> [ASSIGNMENT] Report how many lines of the listing contain the string "width", with no other words.

> [INFORMATION]
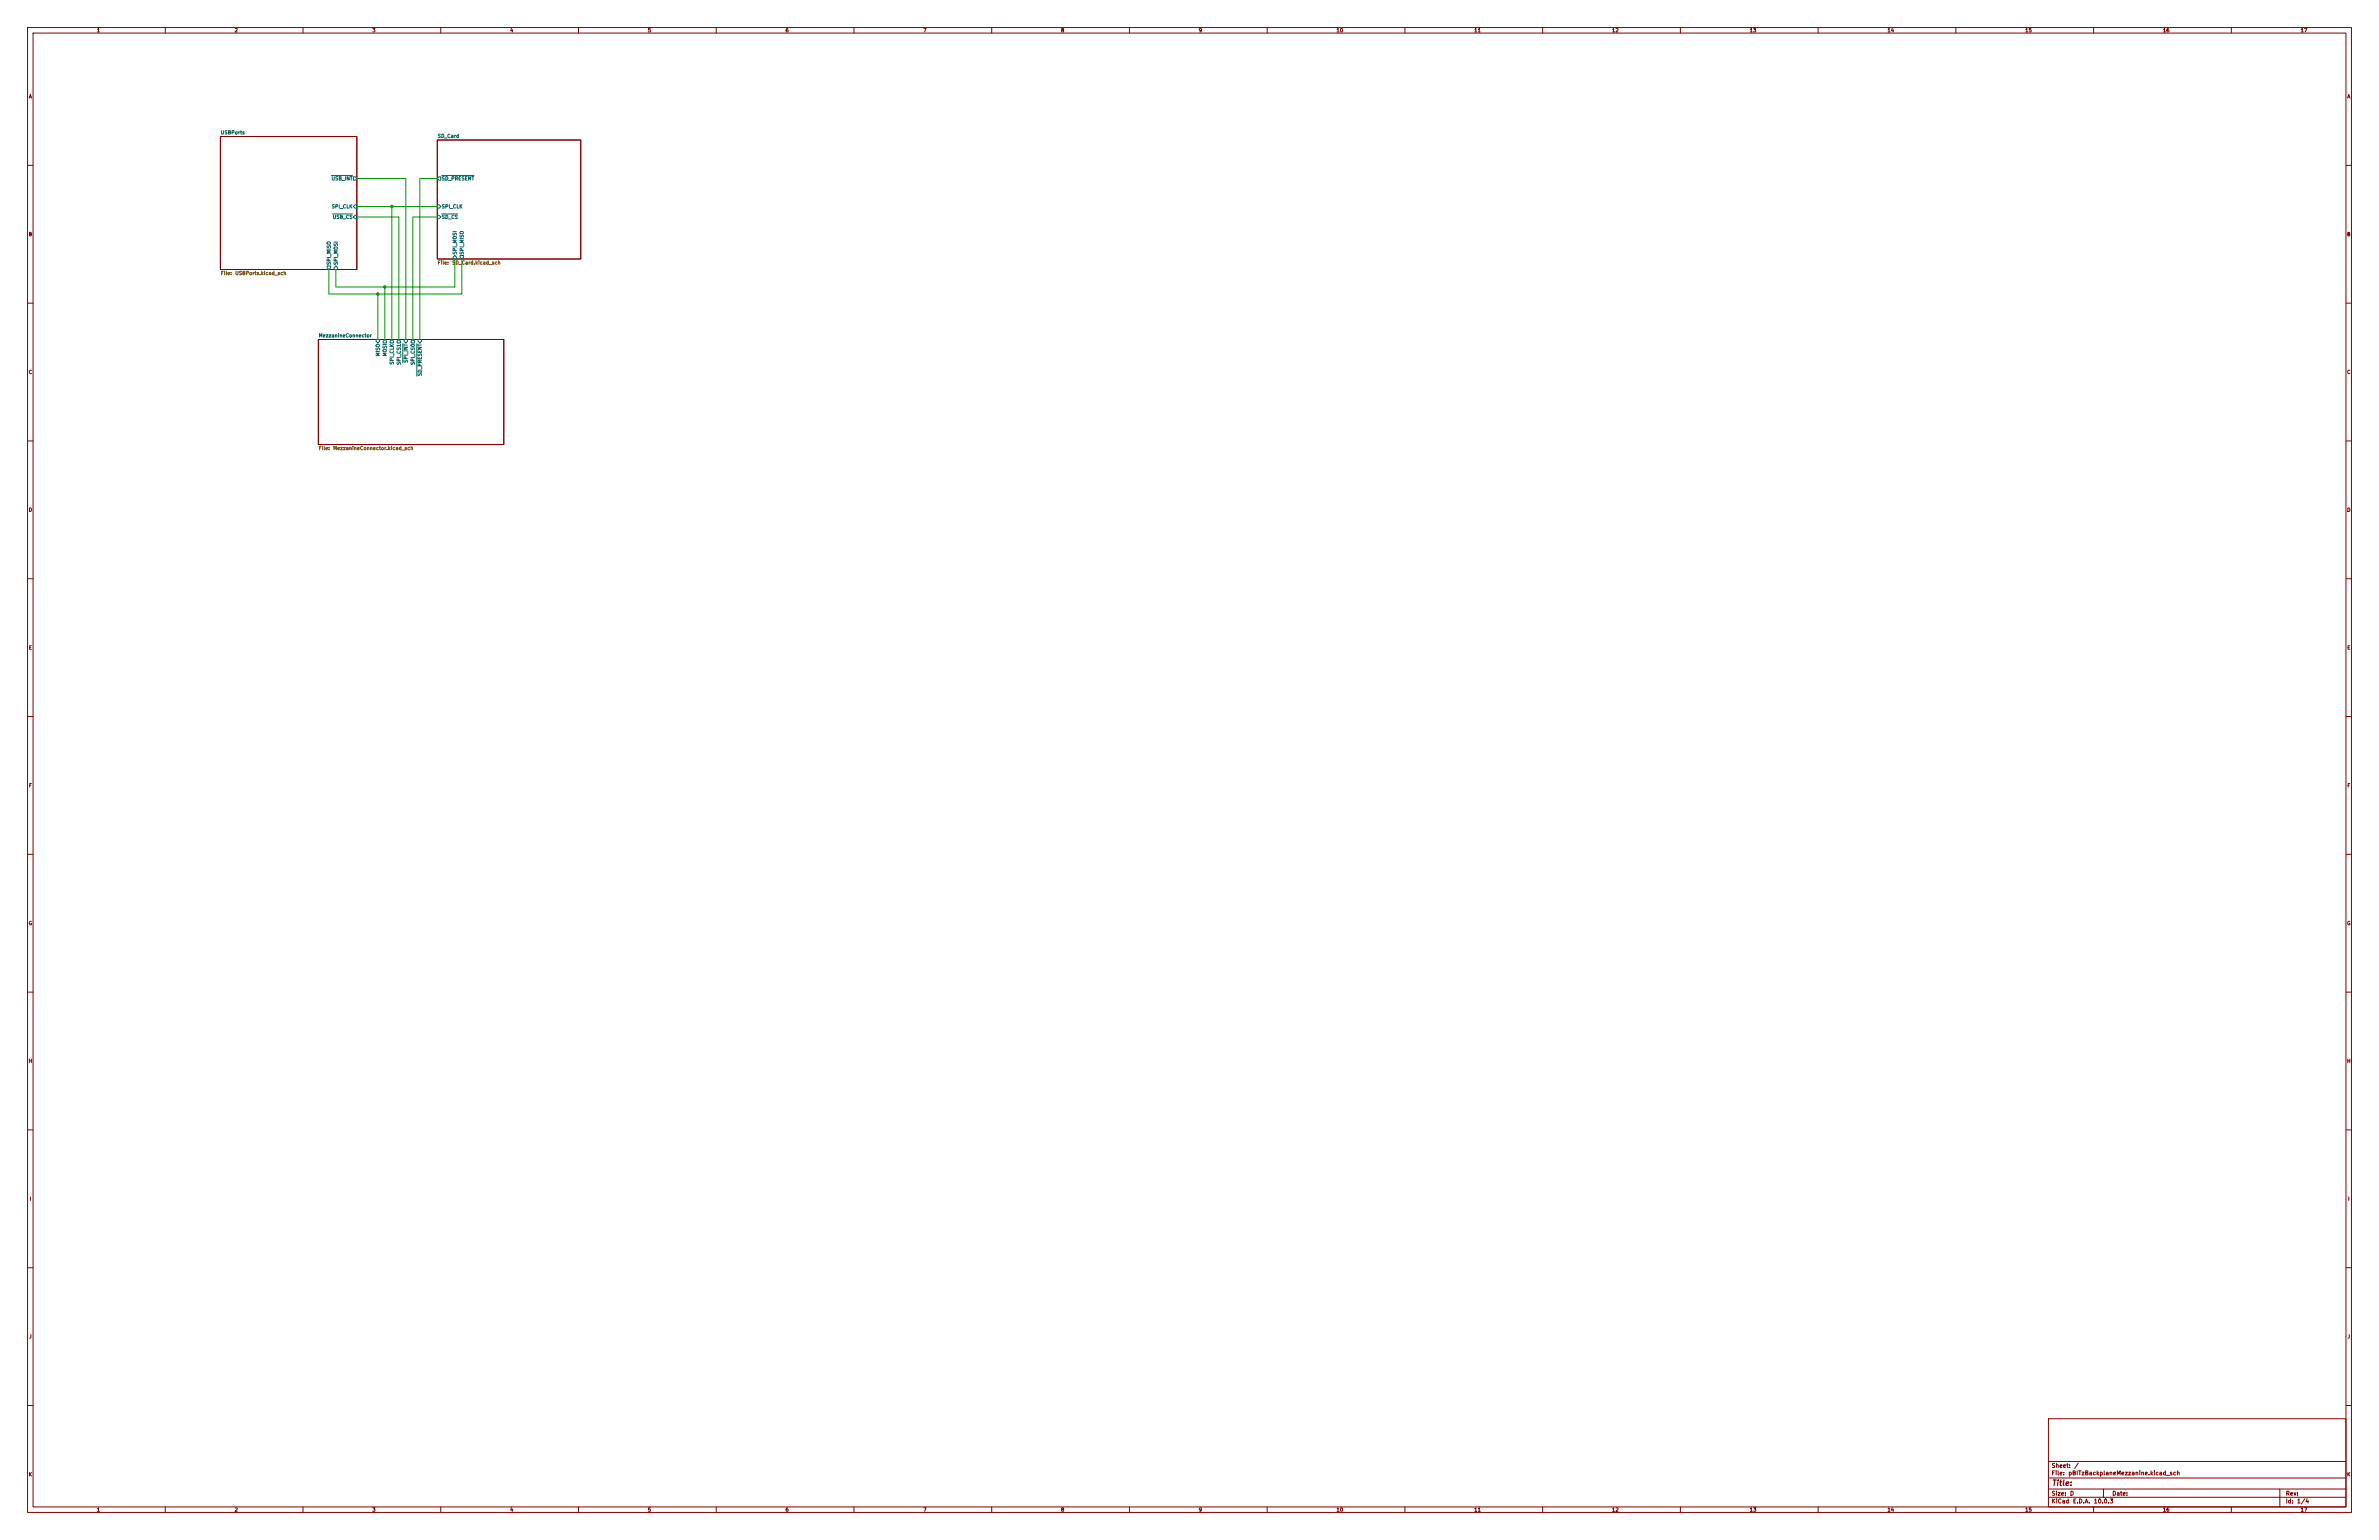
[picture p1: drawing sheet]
<svg xmlns="http://www.w3.org/2000/svg" width="864mm" height="559mm" viewBox="0 0 864 559" stroke-linecap="round" stroke-linejoin="round" font-family="sans-serif">
<defs><g id="words">
<text font-size="2" fill="#840000" x="744.6" y="539.6">Title:</text>
<g font-size="1.5" fill="#840000">
<text x="744.6" y="532.9">Sheet:</text>
<text x="752.8" y="532.9">/</text>
<text x="744.6" y="535.6">File:</text>
<text x="750.7" y="535.6">pBITzBackplaneMezzanine.kicad_sch</text>
<text x="744.6" y="545.8">KiCad</text>
<text x="744.6" y="543">Size:</text>
<text x="751.3" y="543">D</text>
<text x="752.3" y="545.8">E.D.A.</text>
<text x="759.9" y="545.8">10.0.3</text>
<text x="766.6" y="543">Date:</text>
<text x="829.6" y="543">Rev:</text>
<text x="829.6" y="545.8">Id:</text>
<text x="833.7" y="545.8">1/4</text>
</g>
<g font-size="1.3" fill="#840000">
<text x="35" y="12">1</text>
<text x="85" y="12">2</text>
<text x="135" y="12">3</text>
<text x="185" y="12">4</text>
<text x="235" y="12">5</text>
<text x="285" y="12">6</text>
<text x="335" y="12">7</text>
<text x="385" y="12">8</text>
<text x="435" y="12">9</text>
<text x="485" y="12">10</text>
<text x="535" y="12">11</text>
<text x="585" y="12">12</text>
<text x="635" y="12">13</text>
<text x="685" y="12">14</text>
<text x="735" y="12">15</text>
<text x="785" y="12">16</text>
<text x="835" y="12">17</text>
<text x="10.3" y="36">A</text>
<text x="851.9" y="36">A</text>
<text x="10.3" y="86">B</text>
<text x="851.9" y="86">B</text>
<text x="10.3" y="136">C</text>
<text x="851.9" y="136">C</text>
<text x="10.3" y="186">D</text>
<text x="851.9" y="186">D</text>
<text x="10.3" y="236">E</text>
<text x="851.9" y="236">E</text>
<text x="10.3" y="286">F</text>
<text x="851.9" y="286">F</text>
<text x="10.3" y="336">G</text>
<text x="851.9" y="336">G</text>
<text x="10.2" y="386">H</text>
<text x="851.8" y="386">H</text>
<text x="10.6" y="436">I</text>
<text x="852.2" y="436">I</text>
<text x="10.4" y="486">J</text>
<text x="852" y="486">J</text>
<text x="10.3" y="536">K</text>
<text x="851.9" y="536">K</text>
<text x="35" y="548.8">1</text>
<text x="85" y="548.8">2</text>
<text x="135" y="548.8">3</text>
<text x="185" y="548.8">4</text>
<text x="235" y="548.8">5</text>
<text x="285" y="548.8">6</text>
<text x="335" y="548.8">7</text>
<text x="385" y="548.8">8</text>
<text x="435" y="548.8">9</text>
<text x="485" y="548.8">10</text>
<text x="535" y="548.8">11</text>
<text x="585" y="548.8">12</text>
<text x="635" y="548.8">13</text>
<text x="685" y="548.8">14</text>
<text x="735" y="548.8">15</text>
<text x="785" y="548.8">16</text>
<text x="835" y="548.8">17</text>
</g>
<g font-size="1.3" fill="#006464">
<text x="80" y="49">USBPorts</text>
<text x="158.7" y="50.3">SD_Card</text>
<text x="120.2" y="65.7">USB_INT</text>
<text x="160.2" y="65.7">SD_PRESENT</text>
<text x="120.3" y="75.9">SPI_CLK</text>
<text x="160.2" y="75.9">SPI_CLK</text>
<text x="120.6" y="79.7">USB_CS</text>
<text x="160.2" y="79.7">SD_CS</text>
<text x="166.1" y="92.5" transform="rotate(-90 166.1 92.5)">SPI_MOSI</text>
<text x="168.6" y="92.5" transform="rotate(-90 168.6 92.5)">SPI_MISO</text>
<text x="120.4" y="96.3" transform="rotate(-90 120.4 96.3)">SPI_MISO</text>
<text x="122.9" y="96.3" transform="rotate(-90 122.9 96.3)">SPI_MOSI</text>
<text x="115.6" y="122.7">MezzanineConnector</text>
<text x="138.1" y="129.4" transform="rotate(-90 138.1 129.4)">MISO</text>
<text x="140.7" y="129.4" transform="rotate(-90 140.7 129.4)">MOSI</text>
<text x="148.3" y="131.8" transform="rotate(-90 148.3 131.8)">SPI_INT</text>
<text x="143.2" y="132.5" transform="rotate(-90 143.2 132.5)">SPI_CLK</text>
<text x="145.8" y="132.6" transform="rotate(-90 145.8 132.6)">SPI_CS1</text>
<text x="150.8" y="132.6" transform="rotate(-90 150.8 132.6)">SPI_CS0</text>
<text x="153.4" y="136.6" transform="rotate(-90 153.4 136.6)">SD_PRESENT</text>
</g>
<g font-size="1.3" fill="#725600">
<text x="80" y="100.1">File:</text>
<text x="85.2" y="100.1">USBPorts.kicad_sch</text>
<text x="158.7" y="96.3">File:</text>
<text x="164" y="96.3">SD_Card.kicad_sch</text>
<text x="115.6" y="163.6">File:</text>
<text x="120.8" y="163.6">MezzanineConnector.kicad_sch</text>
</g>
</g></defs>
<g fill="none" stroke="#840000" stroke-width=".36">
<path d="M10 10h843.6v538.8h-843.6zM12 12h839.6v534.8h-839.6zM60 10v2M110 10v2M160 10v2M210 10v2M260 10v2M310 10v2M360 10v2M410 10v2M460 10v2M510 10v2"/>
<path d="M560 10v2M610 10v2M660 10v2M710 10v2M760 10v2M810 10v2M80 49.5h49.5v48.3h-49.5zM158.7 50.8h52.1v43.2h-52.1zM10 60h2M851.6 60h2M10 110h2M851.6 110h2"/>
<path d="M115.6 123.2h67.3v38.1h-67.3zM10 160h2M851.6 160h2M10 210h2M851.6 210h2M10 260h2M851.6 260h2M10 310h2M851.6 310h2M10 360h2M851.6 360h2M10 410h2"/>
<path d="M851.6 410h2M10 460h2M851.6 460h2M10 510h2M743.6 514.8h108v32h-108zM851.6 510h2M743.6 536.3h108M743.6 530.3h108M60 546.8v2M110 546.8v2M160 546.8v2M210 546.8v2"/>
<path d="M260 546.8v2M310 546.8v2M360 546.8v2M410 546.8v2M460 546.8v2M510 546.8v2M560 546.8v2M610 546.8v2M660 546.8v2M710 546.8v2M743.6 543.3h108M743.6 540.3h108"/>
<path d="M760 546.8v2M763.6 540.3v3M810 546.8v2M827.6 540.3v6.5"/>
</g>
<g fill="none" stroke="#006464" stroke-width=".36">
<path d="M120.3 63.7h7.7M120.7 77.6h7.3M128.3 64.1h.6l.6 .7-.6 .6h-.6zM128.9 74.3h.6v1.3h-.6l-.6-.7zM128.9 78.1h.6v1.3h-.6l-.6-.7zM158.7 74.3h.7l.6 .6-.6 .7h-.7zM158.7 78.1h.7l.6 .6-.6 .7h-.7zM159.4 64.1h.6v1.3h-.6l-.7-.6zM160.3 77.6h5.9M160.3 63.7h11.8M118.7 96.5h1.3v.7l-.6 .6-.7-.6zM121.9 96.5l.7 .7v.6h-1.3v-.6z"/>
<path d="M165.1 92.7l.6 .6v.7h-1.2v-.7zM167 92.7h1.3v.6l-.7 .7-.6-.7zM136.5 123.2h1.3v.6l-.6 .7-.7-.7zM139.7 123.2l.6 .6v.7h-1.2v-.7zM142.2 123.2l.7 .6v.7h-1.3v-.7zM144.8 123.2l.6 .6v.7h-1.3v-.7zM146.2 124.8v6.9M146.7 123.2h1.3v.6l-.7 .7-.6-.7zM149.2 123.8l.7-.6 .6 .6v.7h-1.3zM151.3 124.8v11.7M151.8 123.2h1.2v.6l-.6 .7-.6-.7z"/>
</g>
<path d="M129.5 78.7h15.3v44.5M129.5 74.9h29.2M129.5 64.8h17.8v58.4M142.2 74.9v48.3M158.7 78.7h-8.8v44.5M158.7 64.8h-6.3v58.4M165.1 94v10.1h-43.2v-6.3M167.6 94v12.7h-48.2v-8.9M137.2 106.7v16.5M139.7 104.1v19.1" fill="none" stroke="#009600" stroke-width=".36"/>
<g fill="#009600" stroke="#009600" stroke-width=".36">
<circle cx="137.2" cy="106.7" r=".46"/>
<circle cx="139.7" cy="104.1" r=".46"/>
<circle cx="142.2" cy="74.9" r=".46"/>
</g>
<use href="#words"/>
</svg>

> [ANSWER SECTION] 5